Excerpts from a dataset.
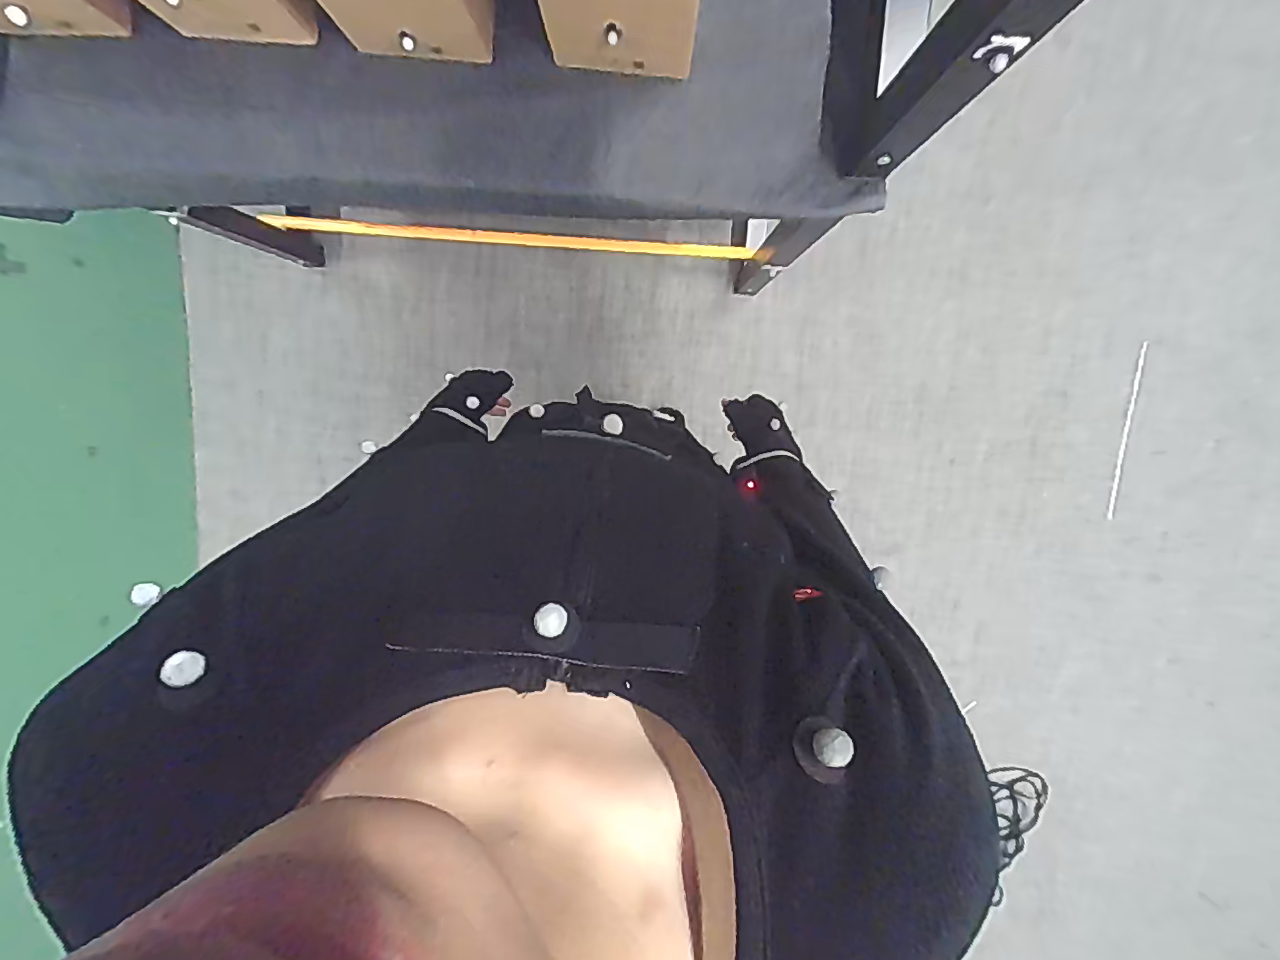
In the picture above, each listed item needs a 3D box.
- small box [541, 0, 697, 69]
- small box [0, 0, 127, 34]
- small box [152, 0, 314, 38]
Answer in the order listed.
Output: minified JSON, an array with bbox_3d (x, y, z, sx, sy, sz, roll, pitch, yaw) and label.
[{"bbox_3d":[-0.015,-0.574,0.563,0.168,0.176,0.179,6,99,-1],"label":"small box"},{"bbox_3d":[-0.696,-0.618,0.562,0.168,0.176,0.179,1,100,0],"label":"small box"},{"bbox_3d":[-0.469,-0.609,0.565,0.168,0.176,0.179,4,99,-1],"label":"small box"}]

* * *

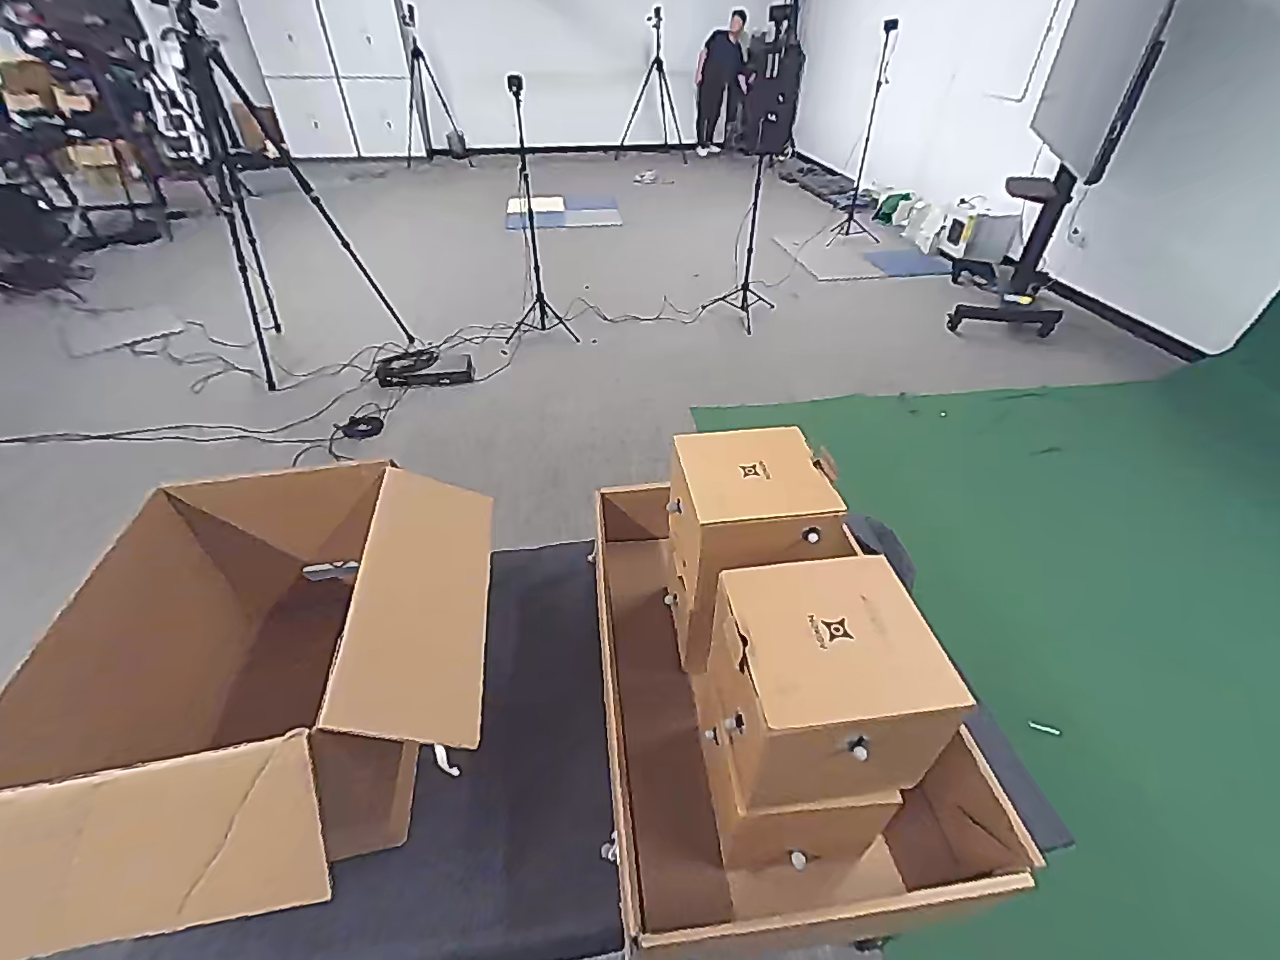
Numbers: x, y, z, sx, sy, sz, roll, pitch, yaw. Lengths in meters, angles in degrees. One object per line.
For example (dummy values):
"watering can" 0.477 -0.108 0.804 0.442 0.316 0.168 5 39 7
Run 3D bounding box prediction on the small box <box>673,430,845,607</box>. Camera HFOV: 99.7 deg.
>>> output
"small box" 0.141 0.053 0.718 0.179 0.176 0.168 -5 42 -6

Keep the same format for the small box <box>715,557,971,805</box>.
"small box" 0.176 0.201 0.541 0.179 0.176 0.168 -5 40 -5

AIM OF THE TASK. From the entries above, extract only the lines running from the one containing "In the picture" through the one containing "Answer in the order listed.", inclusive.

ANSWER.
In the picture above, each listed item needs a 3D box.
- small box [541, 0, 697, 69]
- small box [0, 0, 127, 34]
- small box [152, 0, 314, 38]
Answer in the order listed.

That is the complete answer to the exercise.